# Left a funny/cute answering machine message for a girl I sort of like



## soft ground (Jun 11, 2009)

Okay well I'm shaking SUPER a lot right now! I just left Sarah a funny/cute answering machine message and it took ALL my courage to do so! I was planning on calling her to talk for a little bit, but she didn't answer and I got her machine but immediately hung up. Then right after that, I got an idea for a voice message I could leave, and I started sort of "rehearsing" it. Well, I was suuuuuuuuuuuuuper nervous and anxious about calling her and leaving this message, but I called her anyway. When it got to the part of her voice greeting, I was THIS close to bailing because I suddenly got so anxious and lost my confidence. BUT not completely! I said NO! Don't hang up! Be confident! And so I was nervous as hell, and shaking the whole entire time, but I DID IT! And it actually went off very well, without a hitch. There's only one minor thing, it unintentionally took on an overly angry tone at the end! It was pretend of course, and I'm pretty sure she'll get that, but it just feels like I overdid it a little! HA! Well hopefully she will not be perturbed by that overly caustic tone, and will be very amused and delighted with the message she gets. But seriously that has got to be the angriest "GOODNIGHT!!!!" that I have ever given anyone! Haha!

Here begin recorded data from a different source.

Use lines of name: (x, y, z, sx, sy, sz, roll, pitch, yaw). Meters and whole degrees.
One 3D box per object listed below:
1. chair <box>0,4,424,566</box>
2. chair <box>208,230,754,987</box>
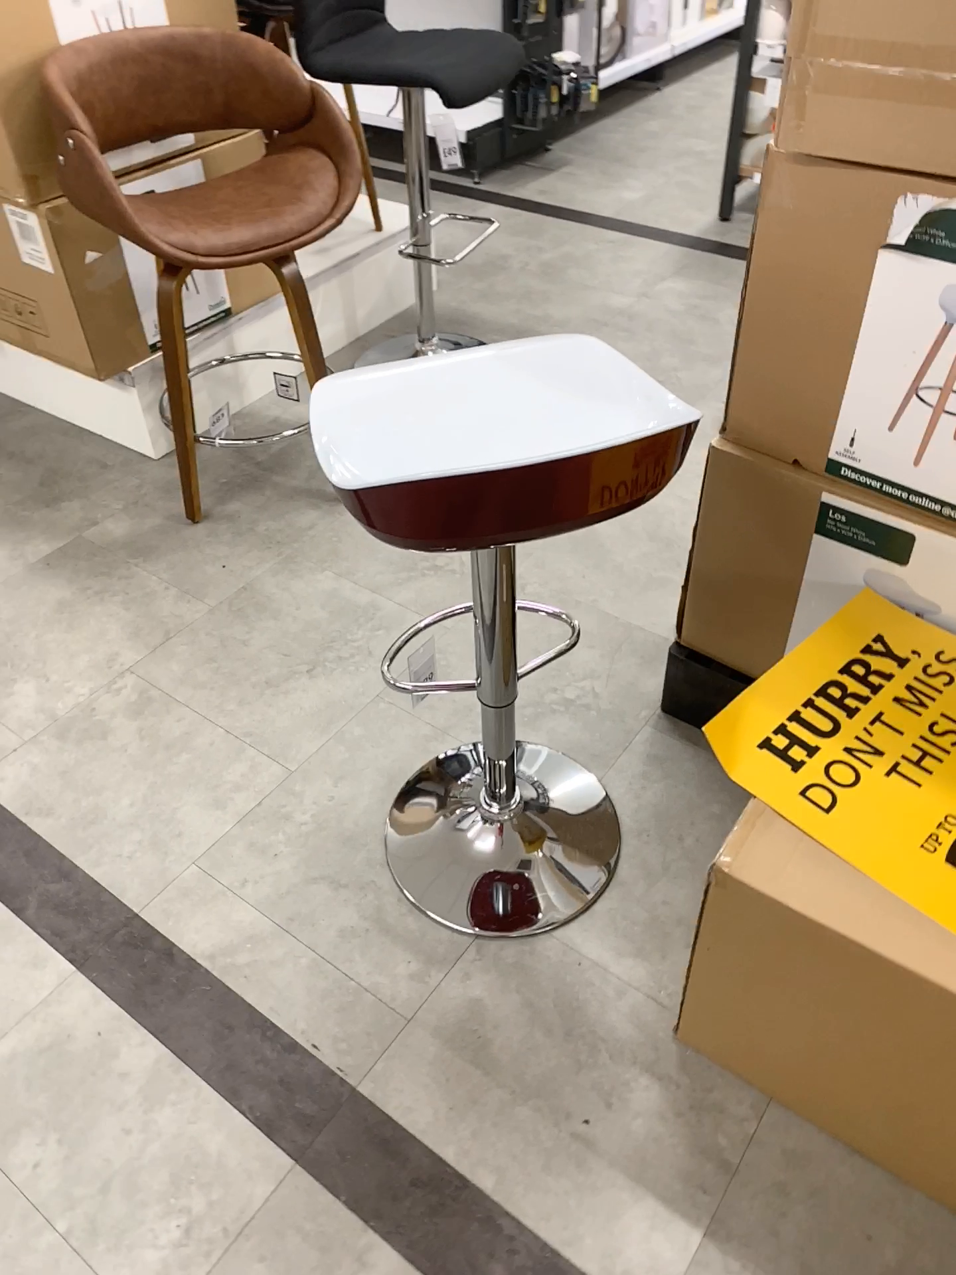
chair: (-0.561, -0.774, 2.158, 0.645, 0.926, 0.526, -25, 47, -23)
chair: (-0.017, -0.016, 1.272, 0.443, 0.797, 0.456, -14, 43, -12)
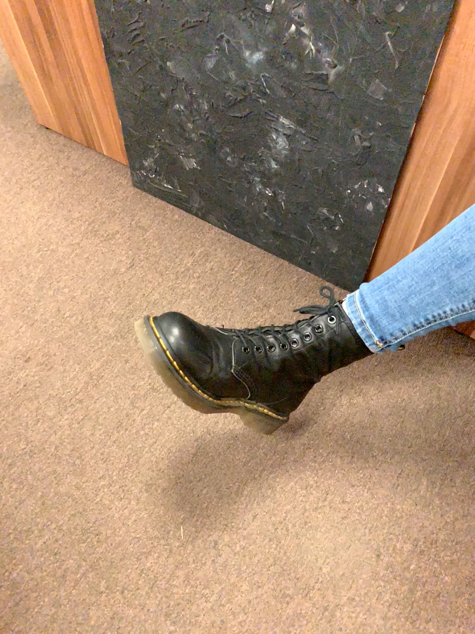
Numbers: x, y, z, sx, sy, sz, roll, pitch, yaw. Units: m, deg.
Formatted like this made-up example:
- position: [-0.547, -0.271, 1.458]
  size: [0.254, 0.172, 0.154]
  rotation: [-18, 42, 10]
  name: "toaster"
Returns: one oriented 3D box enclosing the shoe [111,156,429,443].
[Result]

Well, here's to hoping she likes it. And I can give myself a pat on the back for overcoming this hurdle of fear and anxiety! Wooooh! Go me!

So here's the first part of the message I left. It was in sort of a British or Australian accent (somewhere in between it sounded like) and yeah it's pretty lame but I thought she'd get a kick out of it.

"Ello, ello! It's your right pal Steve 'ere! Just calling to wish you a happy goodnight and all that! Pleasant dreamings to you and such! ...Well, that's all I was really calling to say! So cheerio to you, my lit-ull Saree!"

See now, Sarah likes leaving her friends cute little messages on their answering machines and has "bragged" to me about how good she is at it. So after I said the "cute" part, I sort of kidded about how I thought she couldn't top that and challenged her to leave me a cuter one. I was really nervous though by this point in the message (i also didn't rehearse this part so I was just making it up as I went, while my hands shook out of control) and my challenge sort of took over a (jokingly) hostile tone. I don't know, thinking back on it now, I'm worried she'll be really turned off by that last part and think it was a stupid message, she'll just be deterred from talking to me... Gahh, I'm worried now...

Well, either way... This was a major step out of my comfort zone and so I am happy with myself for not heeding to my anxieties and for going through with this when I was sooooooooooo friggin' nervous! This is a definite step in the right direction, and that's the most important thing here! :boogie


----------



## nothing to fear (Mar 23, 2005)

haha, that is awesome, and very much a triumph. i refuse to even leave normal messages. i'm sure she'll find it very cute/funny as well if she likes that sort of thing.


----------



## soft ground (Jun 11, 2009)

Thank you! 

Voice messages are not my thing either. I think maybe a year ago I left my mom a voice message? And until now, there had not been one since then, haha. Of course, I haven't really had anyone to call. Texting is my usual refuge.


----------



## zomgz (Aug 17, 2009)

aww i'm sure she will love it!! =]


----------



## strawberryjulius (Jun 28, 2009)

Haha, that's cute. I can't leave messages at all.


----------



## Meee (Oct 24, 2005)

Heh, awesome. I don't leave messages ever unless it's a work related thing and i can't get in touch with them any other way, which is really pretty rare.


----------



## veron (Apr 29, 2009)

Hehe, good for you! I hope she'll like it. A few days ago I finally gathered the courage and left somebody just a regular answering machine message... I know how hard that is!


----------



## sublimit (Aug 16, 2009)

Awesome! 

Soooooo, how did she respond?


----------



## This is mee (Oct 1, 2009)

Great job man, anytime I see posts of people saying "I was talking myself out of it but decided to do it" I can really put myself in their shoes. 
No matter how corny it sounds to you, she will interpret it the best way you think she would...not the worst.

I'd give myself a pat on the back too, keep it up brother!


----------